6.3 Bayesian Verification of Warnings (2010

Consider a system that issues warnings of intermittent hazards (e.g., severe thunderstorm warnings, tornado warnings), or deterministic forecasts of intermittent events (e.g., heavy precipitation, strong wind, blizzard). The performance of such a warning system is usually evaluated in terms of a probability of detection (POD) and a false alarm rate (FAR). Oftentimes, the two measures are aggregated into a critical success index (CSI). These verification measures are examined from the viewpoint of a rational decider who, following the precepts of Bayesian theory, uses warning to choose optimal action by minimizing the expected disutility of outcome. In the long-run, the performance of this warning-decision system is evaluated in terms of the integrated minimum expected disutility (D). Then, given two warning systems, A and B, system A is said to be more informative than system B, if D_A≤ D_B for every disutility function of outcome (equivalently, for every rational decider).

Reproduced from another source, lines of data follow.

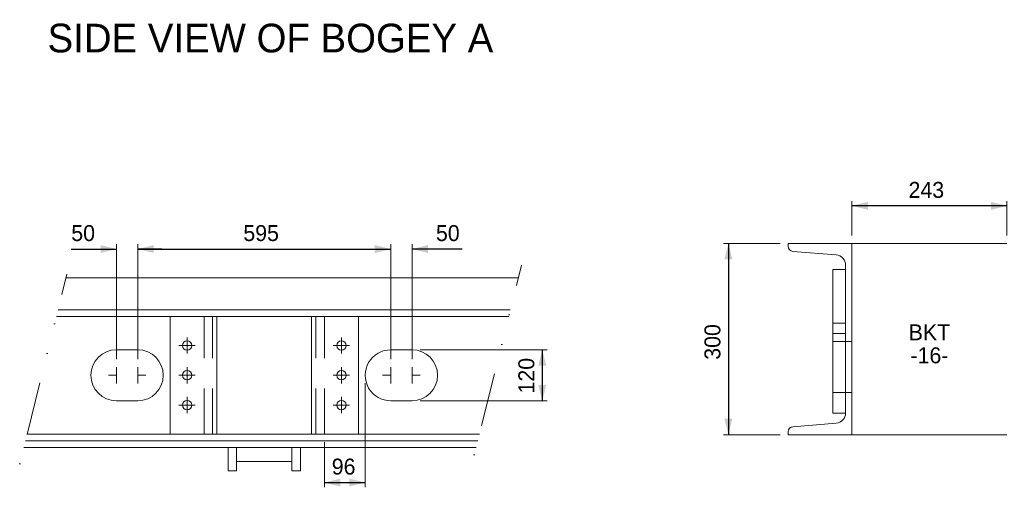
# Model space of a CAD drawing. Header units: millimetres. Extents: x -91343 to -63338, y -767328 to -747548.
# Tile 17 of 42: x -79256 to -74116, y -753628 to -751185. Entities that reach past the tile are written whole.
import ezdxf
from ezdxf.enums import TextEntityAlignment as Align

# ---------------------------------------------------------------- set-up
doc = ezdxf.new("R2010")
doc.units = ezdxf.units.MM
doc.header["$MEASUREMENT"] = 0
for name, pattern in [('DGN Style 2', [396.127113, 237.676268, -158.450845]), ('DGN Style 4', [634.199507, 316.90169, -158.450845, 0.396127, -158.450845]), ('DGN Style 5', [277.288979, 118.838134, -158.450845]), ('DGN Style 6', [753.433768, 0.396127, -158.450845, 277.288979, -158.450845, 0.396127, -158.450845])]:
    doc.linetypes.add(name, pattern=pattern)
doc.styles.add('Style-ENGINEERING', font='ENGINEERING.shx')
doc.styles.add('Style-ENGINEERING_0', font='ENGINEERING.shx')
doc.dimstyles.new('MetricMM', dxfattribs={"dimtxt": 3, "dimasz": 3, "dimexe": 1.5, "dimexo": 1.5, "dimgap": 1.5, "dimtad": 1, "dimdec": 0, "dimzin": 7, "dimtxsty": 'Style-ENGINEERING_0', "dimcen": 0.09, "dimclrd": 1, "dimclre": 1, "dimclrt": 7, "dimadec": 0, "dimazin": 3, "dimtfac": 1, "dimtdec": 0, "dimtofl": 0, "dimtmove": 0, "dimatfit": 3, "dimfxl": 1, "dimtzin": 7, "dimlwd": -1, "dimlwe": 0, "dimarcsym": 0})

# ---------------------------------------------------------------- blocks, each defined once
blk = doc.blocks.new('*D630')
at = {"color": 1, "linetype": 'Continuous', "lineweight": 0, "transparency": 16777216}
for p, q in [((173.8, 4528.2), (836.9, 4528.2)), ((173.8, 4261.8), (836.9, 4261.8))]:
    blk.add_line(p, q, dxfattribs=at)
at = {"color": 1, "linetype": 'Continuous', "transparency": 16777216}
blk.add_line((811.9, 4528.2), (811.9, 4261.8), dxfattribs=at)
at = {"color": 1, "linetype": 'Continuous', "lineweight": 0, "transparency": 16777216, "extrusion": (0, 0, -1)}
blk.add_solid([(-791.1, 4444.9), (-811.9, 4528.2), (-832.8, 4444.9)], dxfattribs=at)
at = {"color": 1, "linetype": 'Continuous', "lineweight": 0, "transparency": 16777216}
blk.add_solid([(832.8, 4345), (811.9, 4261.8), (791.1, 4345)], dxfattribs=at)
at = {"layer": 'Defpoints', "color": 7, "linetype": 'Continuous', "lineweight": 0, "transparency": 16777216}
for p in [(132.1, 4528.2), (811.9, 4395), (132.1, 4261.8), (811.9, 4261.8)]:
    blk.add_point(p, dxfattribs=at)
at = {"color": 7, "linetype": 'Continuous', "lineweight": 0, "transparency": 16777216, "style": 'Style-ENGINEERING'}
blk.add_text('120', height=83.25, rotation=90, dxfattribs=at).set_placement((728.7, 4299.9), align=Align.MIDDLE_LEFT)
blk = doc.blocks.new('*D631')
at = {"color": 1, "linetype": 'Continuous', "lineweight": 0, "transparency": 16777216}
for p, q in [((-112.1, 4353.3), (-112.1, 3809.8)), ((-325.3, 4045.9), (-325.3, 3809.8))]:
    blk.add_line(p, q, dxfattribs=at)
at = {"color": 1, "linetype": 'Continuous', "transparency": 16777216}
blk.add_line((-325.3, 3834.7), (-112.1, 3834.7), dxfattribs=at)
at = {"color": 1, "linetype": 'Continuous', "lineweight": 0, "transparency": 16777216}
blk.add_solid([(-242, 3813.9), (-325.3, 3834.7), (-242, 3855.5)], dxfattribs=at)
at = {"color": 1, "linetype": 'Continuous', "lineweight": 0, "transparency": 16777216, "extrusion": (0, 0, -1)}
blk.add_solid([(195.4, 3855.5), (112.1, 3834.7), (195.4, 3813.9)], dxfattribs=at)
at = {"layer": 'Defpoints', "color": 7, "linetype": 'Continuous', "lineweight": 0, "transparency": 16777216}
for p in [(-112.1, 4395), (-325.3, 4087.5), (-218.7, 3834.7), (-112.1, 3834.7)]:
    blk.add_point(p, dxfattribs=at)
at = {"color": 7, "linetype": 'Continuous', "lineweight": 0, "transparency": 16777216, "style": 'Style-ENGINEERING'}
blk.add_text('96', height=83.25, dxfattribs=at).set_placement((-286.9, 3918), align=Align.MIDDLE_LEFT)
blk = doc.blocks.new('*D757')
at = {"color": 1, "linetype": 'Continuous', "lineweight": 0, "transparency": 16777216}
for p, q in [((2428.8, 5125.1), (2428.8, 5305.1)), ((3238.1, 5125.1), (3238.1, 5305.1))]:
    blk.add_line(p, q, dxfattribs=at)
at = {"color": 1, "linetype": 'Continuous', "transparency": 16777216}
blk.add_line((3238.1, 5280.1), (2428.8, 5280.1), dxfattribs=at)
at = {"color": 1, "linetype": 'Continuous', "lineweight": 0, "transparency": 16777216}
blk.add_solid([(2512, 5259.3), (2428.8, 5280.1), (2512, 5300.9)], dxfattribs=at)
at = {"color": 1, "linetype": 'Continuous', "lineweight": 0, "transparency": 16777216, "extrusion": (0, 0, -1)}
blk.add_solid([(-3154.8, 5300.9), (-3238.1, 5280.1), (-3154.8, 5259.3)], dxfattribs=at)
at = {"layer": 'Defpoints', "color": 7, "linetype": 'Continuous', "lineweight": 0, "transparency": 16777216}
for p in [(2428.8, 5280.1), (2833.4, 5280.1), (2428.8, 5083.5), (3238.1, 5083.5)]:
    blk.add_point(p, dxfattribs=at)
at = {"color": 7, "linetype": 'Continuous', "lineweight": 0, "transparency": 16777216, "style": 'Style-ENGINEERING'}
blk.add_text('243', height=83.25, dxfattribs=at).set_placement((2724.3, 5363.3), align=Align.MIDDLE_LEFT)
blk = doc.blocks.new('*D758')
at = {"color": 1, "linetype": 'Continuous', "lineweight": 0, "transparency": 16777216}
for p, q in [((2054.2, 5083.5), (1758.5, 5083.5)), ((2054.2, 4084.5), (1758.5, 4084.5))]:
    blk.add_line(p, q, dxfattribs=at)
at = {"color": 1, "linetype": 'Continuous', "transparency": 16777216}
blk.add_line((1783.5, 5083.5), (1783.5, 4084.5), dxfattribs=at)
at = {"color": 1, "linetype": 'Continuous', "lineweight": 0, "transparency": 16777216, "extrusion": (0, 0, -1)}
blk.add_solid([(-1762.7, 5000.2), (-1783.5, 5083.5), (-1804.3, 5000.2)], dxfattribs=at)
at = {"color": 1, "linetype": 'Continuous', "lineweight": 0, "transparency": 16777216}
blk.add_solid([(1804.3, 4167.7), (1783.5, 4084.5), (1762.7, 4167.7)], dxfattribs=at)
at = {"layer": 'Defpoints', "color": 7, "linetype": 'Continuous', "lineweight": 0, "transparency": 16777216}
for p in [(2095.8, 5083.5), (1783.5, 4584), (1783.5, 4084.5), (2095.8, 4084.5)]:
    blk.add_point(p, dxfattribs=at)
at = {"color": 7, "linetype": 'Continuous', "lineweight": 0, "transparency": 16777216, "style": 'Style-ENGINEERING'}
blk.add_text('300', height=83.25, rotation=90, dxfattribs=at).set_placement((1700.2, 4476.2), align=Align.MIDDLE_LEFT)
blk = doc.blocks.new('*D797')
at = {"color": 1, "linetype": 'Continuous', "lineweight": 0, "transparency": 16777216}
for p, q in [((-1299.8, 4478.9), (-1299.8, 5079.4)), ((21.1, 4478.9), (21.1, 5079.4))]:
    blk.add_line(p, q, dxfattribs=at)
at = {"color": 1, "linetype": 'Continuous', "transparency": 16777216}
blk.add_line((-1299.8, 5054.4), (21.1, 5054.4), dxfattribs=at)
at = {"color": 1, "linetype": 'Continuous', "lineweight": 0, "transparency": 16777216}
blk.add_solid([(-1216.5, 5033.6), (-1299.8, 5054.4), (-1216.5, 5075.2)], dxfattribs=at)
at = {"color": 1, "linetype": 'Continuous', "lineweight": 0, "transparency": 16777216, "extrusion": (0, 0, -1)}
blk.add_solid([(62.2, 5075.2), (-21.1, 5054.4), (62.2, 5033.6)], dxfattribs=at)
at = {"layer": 'Defpoints', "color": 7, "linetype": 'Continuous', "lineweight": 0, "transparency": 16777216}
for p in [(-639.4, 5054.4), (21.1, 5054.4), (-1299.8, 4437.3), (21.1, 4437.3)]:
    blk.add_point(p, dxfattribs=at)
at = {"color": 7, "linetype": 'Continuous', "lineweight": 0, "transparency": 16777216, "style": 'Style-ENGINEERING'}
blk.add_text('595', height=83.25, dxfattribs=at).set_placement((-748.5, 5137.7), align=Align.MIDDLE_LEFT)
blk = doc.blocks.new('*D798')
at = {"color": 1, "linetype": 'Continuous', "transparency": 16777216}
for p, q in [((-103.8, 5054.4), (21.1, 5054.4)), ((393.3, 5054.4), (132.1, 5054.4))]:
    blk.add_line(p, q, dxfattribs=at)
at = {"color": 1, "linetype": 'Continuous', "lineweight": 0, "transparency": 16777216}
for p, q in [((21.1, 4478.9), (21.1, 5079.4)), ((132.1, 4478.9), (132.1, 5079.4))]:
    blk.add_line(p, q, dxfattribs=at)
at = {"color": 1, "linetype": 'Continuous', "lineweight": 0, "transparency": 16777216, "extrusion": (0, 0, -1)}
blk.add_solid([(62.2, 5075.2), (-21.1, 5054.4), (62.2, 5033.6)], dxfattribs=at)
at = {"color": 1, "linetype": 'Continuous', "lineweight": 0, "transparency": 16777216}
blk.add_solid([(215.4, 5033.6), (132.1, 5054.4), (215.4, 5075.2)], dxfattribs=at)
at = {"layer": 'Defpoints', "color": 7, "linetype": 'Continuous', "lineweight": 0, "transparency": 16777216}
for p in [(132.1, 5054.4), (325.2, 5054.4), (21.1, 4437.3), (132.1, 4437.3)]:
    blk.add_point(p, dxfattribs=at)
at = {"color": 7, "linetype": 'Continuous', "lineweight": 0, "transparency": 16777216, "style": 'Style-ENGINEERING'}
blk.add_text('50', height=83.25, dxfattribs=at).set_placement((257, 5137.7), align=Align.MIDDLE_LEFT)
blk = doc.blocks.new('*D799')
at = {"color": 1, "linetype": 'Continuous', "transparency": 16777216}
for p, q in [((-1646.7, 5054.4), (-1410.8, 5054.4)), ((-1174.9, 5054.4), (-1299.8, 5054.4))]:
    blk.add_line(p, q, dxfattribs=at)
at = {"color": 1, "linetype": 'Continuous', "lineweight": 0, "transparency": 16777216}
for p, q in [((-1410.8, 4478.9), (-1410.8, 5079.4)), ((-1299.8, 4478.9), (-1299.8, 5079.4))]:
    blk.add_line(p, q, dxfattribs=at)
at = {"color": 1, "linetype": 'Continuous', "lineweight": 0, "transparency": 16777216, "extrusion": (0, 0, -1)}
blk.add_solid([(1494.1, 5075.2), (1410.8, 5054.4), (1494.1, 5033.6)], dxfattribs=at)
at = {"color": 1, "linetype": 'Continuous', "lineweight": 0, "transparency": 16777216}
blk.add_solid([(-1216.5, 5033.6), (-1299.8, 5054.4), (-1216.5, 5075.2)], dxfattribs=at)
at = {"layer": 'Defpoints', "color": 7, "linetype": 'Continuous', "lineweight": 0, "transparency": 16777216}
for p in [(-1578.6, 5054.4), (-1410.8, 5054.4), (-1410.8, 4437.3), (-1299.8, 4437.3)]:
    blk.add_point(p, dxfattribs=at)
at = {"color": 7, "linetype": 'Continuous', "lineweight": 0, "transparency": 16777216, "style": 'Style-ENGINEERING'}
blk.add_text('50', height=83.25, dxfattribs=at).set_placement((-1646.7, 5137.7), align=Align.MIDDLE_LEFT)
blk = doc.blocks.new('*U569')
at = {"color": 7, "linetype": 'Continuous', "lineweight": 0}
for p, q in [((3238.08, 5083.48), (2428.79, 5083.48)), ((645.24, 4736.62), (-1716.04, 4736.62)), ((636.74, 4702.44), (-1724.54, 4702.44)), ((-1410.84, 4528.17), (-1299.84, 4528.17)), ((132.13, 4528.17), (21.13, 4528.17)), ((-1299.84, 4261.77), (-1410.84, 4261.77)), ((21.12, 4261.77), (132.13, 4261.77)), ((483.79, 4087.5), (-1877.49, 4087.5)), ((3238.08, 4084.48), (2428.79, 4084.48)), ((466.45, 4017.79), (-1894.82, 4017.79)), ((475.29, 4053.31), (-1885.99, 4053.31))]:
    blk.add_line(p, q, dxfattribs=at)
at = {"color": 7, "linetype": 'DGN Style 6', "lineweight": 0}
for p, q in [((456.88, 3979.31), (703.38, 4970.35)), ((-1916.09, 3932.3), (-1669.59, 4923.35))]:
    blk.add_line(p, q, dxfattribs=at)
at = {"color": 3, "linetype": 'Continuous', "lineweight": 0}
for p, q in [((-1131.12, 4087.5), (-1131.12, 4702.44)), ((-886.92, 4702.44), (-886.92, 4087.5)), ((-391.86, 4702.44), (-391.86, 4087.5)), ((-147.66, 4087.5), (-147.66, 4702.44))]:
    blk.add_line(p, q, dxfattribs=at)
at = {"color": 3, "linetype": 'DGN Style 2', "lineweight": 0}
for p, q in [((-953.52, 4087.5), (-953.52, 4702.44)), ((-909.12, 4087.5), (-909.12, 4702.44)), ((-369.66, 4087.5), (-369.66, 4702.44)), ((-325.26, 4087.5), (-325.26, 4702.44))]:
    blk.add_line(p, q, dxfattribs=at)
at = {"color": 1, "linetype": 'DGN Style 4', "lineweight": 0}
for p, q in [((-1042.32, 4592.72), (-1042.32, 4508.01)), ((-236.46, 4592.72), (-236.46, 4508.01)), ((-1084.67, 4550.37), (-999.96, 4550.37)), ((-278.81, 4550.37), (-194.1, 4550.37)), ((-1410.84, 4437.32), (-1410.84, 4352.61)), ((-1299.77, 4437.32), (-1299.77, 4352.61)), ((-1042.32, 4437.32), (-1042.32, 4352.61)), ((-236.46, 4437.32), (-236.46, 4352.61)), ((21.06, 4437.32), (21.06, 4352.61)), ((132.13, 4437.32), (132.13, 4352.61)), ((-1453.19, 4394.97), (-1410.84, 4394.97)), ((-1299.77, 4394.97), (-1257.41, 4394.97)), ((-1084.67, 4394.97), (-999.96, 4394.97)), ((-278.81, 4394.97), (-194.1, 4394.97)), ((-21.29, 4394.97), (21.06, 4394.97)), ((132.13, 4394.97), (174.49, 4394.97)), ((-1042.32, 4281.92), (-1042.32, 4197.21)), ((-236.46, 4281.92), (-236.46, 4197.21)), ((-1084.67, 4239.57), (-999.96, 4239.57)), ((-278.81, 4239.57), (-194.1, 4239.57))]:
    blk.add_line(p, q, dxfattribs=at)
at = {"color": 7, "linetype": 'Continuous', "lineweight": 0, "flags": 128}
blk.add_lwpolyline([(2095.79, 4099.85, -0.3910403), (2120.31, 4126.41), (2346.46, 4144.49, 0.3910403), (2395.49, 4197.6), (2395.49, 4970.36, 0.3910403), (2346.46, 5023.47), (2120.31, 5041.55, -0.3910403), (2095.79, 5068.1), (2095.79, 5083.48), (2428.79, 5083.48), (2428.79, 4084.48), (2095.79, 4084.48), (2095.79, 4099.85)], format="xyb", close=True, dxfattribs=at)
blk.add_lwpolyline([(2395.49, 4946.85), (2328.89, 4946.85), (2328.89, 4197.6), (2395.49, 4197.6), (2395.49, 4946.85)], close=True, dxfattribs=at)
for points in [[(686.65, 4903.12), (-1674.62, 4903.12)], [(-783.69, 4017.79), (-783.69, 3895.02), (-828.09, 3895.02), (-828.09, 4017.79)], [(-450.69, 4017.79), (-450.69, 3895.02), (-495.09, 3895.02), (-495.09, 4017.79)], [(-495.09, 3944.3), (-783.69, 3944.3)]]:
    blk.add_lwpolyline(points, dxfattribs=at)
at = {"color": 7, "linetype": 'DGN Style 2', "lineweight": 0, "flags": 128}
for points in [[(2328.89, 4667.23), (2395.49, 4667.23)], [(2395.49, 4613.95), (2328.89, 4613.95)], [(2428.79, 4570.66), (2328.89, 4570.66)], [(2328.89, 4304.26), (2428.79, 4304.26)]]:
    blk.add_lwpolyline(points, dxfattribs=at)
at = {"color": 3, "linetype": 'Continuous', "lineweight": 0, "extrusion": (0, 0, -1)}
for centre in [(1042.32, 4550.37), (1042.32, 4394.97), (1042.32, 4239.57)]:
    blk.add_arc(centre, 24.42, 0, 359.99999, dxfattribs=at)
at = {"color": 3, "linetype": 'Continuous', "lineweight": 0}
for centre in [(-236.46, 4550.37), (-236.46, 4394.97), (-236.46, 4239.57)]:
    blk.add_arc(centre, 24.42, 0, 359.99999, dxfattribs=at)
at = {"color": 7, "linetype": 'Continuous', "lineweight": 0}
for centre, start, end in [((-1410.84, 4394.97), 90, 270), ((132.13, 4394.97), 270, 90)]:
    blk.add_arc(centre, 133.2, start, end, dxfattribs=at)
at = {"color": 7, "linetype": 'Continuous', "lineweight": 0, "extrusion": (0, 0, -1)}
for centre, start, end in [((1299.84, 4394.97), 90, 270), ((-21.06, 4394.97), 269.97697, 90.02878)]:
    blk.add_arc(centre, 133.2, start, end, dxfattribs=at)
at = {"color": 7, "lineweight": 13, "insert": (-607.04, 6155.36), "char_height": 149.85, "width": 7044.4368, "attachment_point": 5, "line_spacing_factor": 0.9, "style": 'Style-ENGINEERING'}
blk.add_mtext('SIDE VIEW OF BOGEY A', dxfattribs=at)
at = {"color": 7, "linetype": 'DGN Style 5', "lineweight": 0, "insert": (2833.3, 4558.64), "char_height": 83.25, "attachment_point": 5, "line_spacing_factor": 0.86543, "style": 'Style-ENGINEERING'}
blk.add_mtext('BKT\\P-16-', dxfattribs=at)
at = {"color": 1, "linetype": 'Continuous'}
for base, p1, p2, angle, override, picture, middle in [((2428.79, 5280.08), (3238.08, 5083.48), (2428.79, 5083.48), 180, {"dimtxt": 83.25, "dimasz": 83.25, "dimexe": 24.975, "dimexo": 41.625, "dimgap": 41.625, "dimlfac": 0.300511}, '*D757', (2833.44, 5280.08)), ((1783.47, 4084.48), (2095.79, 5083.48), (2095.79, 4084.48), 270, {"dimtxt": 83.25, "dimasz": 83.25, "dimexe": 24.975, "dimexo": 41.625, "dimgap": 41.625, "dimlfac": 0.300511}, '*D758', (1783.47, 4583.98)), ((811.95, 4261.77), (132.13, 4528.17), (132.13, 4261.77), 270, {"dimtxt": 83.25, "dimasz": 83.25, "dimexe": 24.975, "dimexo": 41.625, "dimgap": 41.625, "dimlfac": 0.45045}, '*D630', (811.95, 4394.97))]:
    dim = blk.add_linear_dim(base=base, p1=p1, p2=p2, angle=angle, text='\\FSTANDARD;<>', dimstyle='MetricMM', override=override, dxfattribs=at)
    dim.commit()
    dim.dimension.update_dxf_attribs({"geometry": picture, "text_midpoint": middle})
dim = blk.add_linear_dim(base=(-1410.84, 5054.42), p1=(-1299.77, 4437.32), p2=(-1410.84, 4437.32), angle=180, text='\\FSTANDARD;<>', dimstyle='MetricMM', override={"dimtxt": 83.25, "dimasz": 83.25, "dimexe": 24.975, "dimexo": 41.625, "dimgap": 41.625, "dimlfac": 0.45045}, dxfattribs=at)
dim.commit()
dim.dimension.update_dxf_attribs({"geometry": '*D799', "text_midpoint": (-1578.55, 5054.42), "dimtype": 128})
for base, p1, p2, picture, middle in [((21.06, 5054.42), (-1299.77, 4437.32), (21.06, 4437.32), '*D797', (-639.35, 5054.42)), ((-112.14, 3834.73), (-325.26, 4087.5), (-112.14, 4394.97), '*D631', (-218.7, 3834.73))]:
    dim = blk.add_linear_dim(base=base, p1=p1, p2=p2, text='\\FSTANDARD;<>', dimstyle='MetricMM', override={"dimtxt": 83.25, "dimasz": 83.25, "dimexe": 24.975, "dimexo": 41.625, "dimgap": 41.625, "dimlfac": 0.45045}, dxfattribs=at)
    dim.commit()
    dim.dimension.update_dxf_attribs({"geometry": picture, "text_midpoint": middle})
dim = blk.add_linear_dim(base=(132.13, 5054.42), p1=(21.06, 4437.32), p2=(132.13, 4437.32), text='\\FSTANDARD;<>', dimstyle='MetricMM', override={"dimtxt": 83.25, "dimasz": 83.25, "dimexe": 24.975, "dimexo": 41.625, "dimgap": 41.625, "dimlfac": 0.45045}, dxfattribs=at)
dim.commit()
dim.dimension.update_dxf_attribs({"geometry": '*D798', "text_midpoint": (325.17, 5054.42), "dimtype": 128})

msp = doc.modelspace()

# ---------------------------------------------------------------- block references
at = {"color": 7, "linetype": 'Continuous', "lineweight": 13}
msp.add_blockref('*U569', (-77340.2, -757437.75), dxfattribs=at)

doc.saveas('drawing.dxf')

A proof is presented that, while POD and FAR are sufficient verification measures (in the sense that POD_A ≥ POD_B and FAR_A ≤ FAR_B imply that A is more informative than B), the CSI is not. In fact, the CSI is a misleading measure because there exist cases (theoretically an infinite number of them) with CSI_A > CSI_B (implying A is better than B), but D_A> D_B (implying A results in a greater integrated disutility than B does, and, therefore, A is less preferred than B from the viewpoint of a rational decider).

A new aggregate measure, called the characteristic utility score (CUS) is derived. With respect to the informativeness relation, CUS is a necessary measure (A being more informative than B implies CUS_A≥ CUS_B), and a conditionally sufficient measure (CUS_A ≥ CUS_B implies that A is more informative than B for a class of deciders with a particular ratio of disutility differences). In conclusion, if management wants to provide an incentive for improving the warning system in a way that increases its socio-economic benefits to users, than the correct verification measures are POD, FAR, and CUS.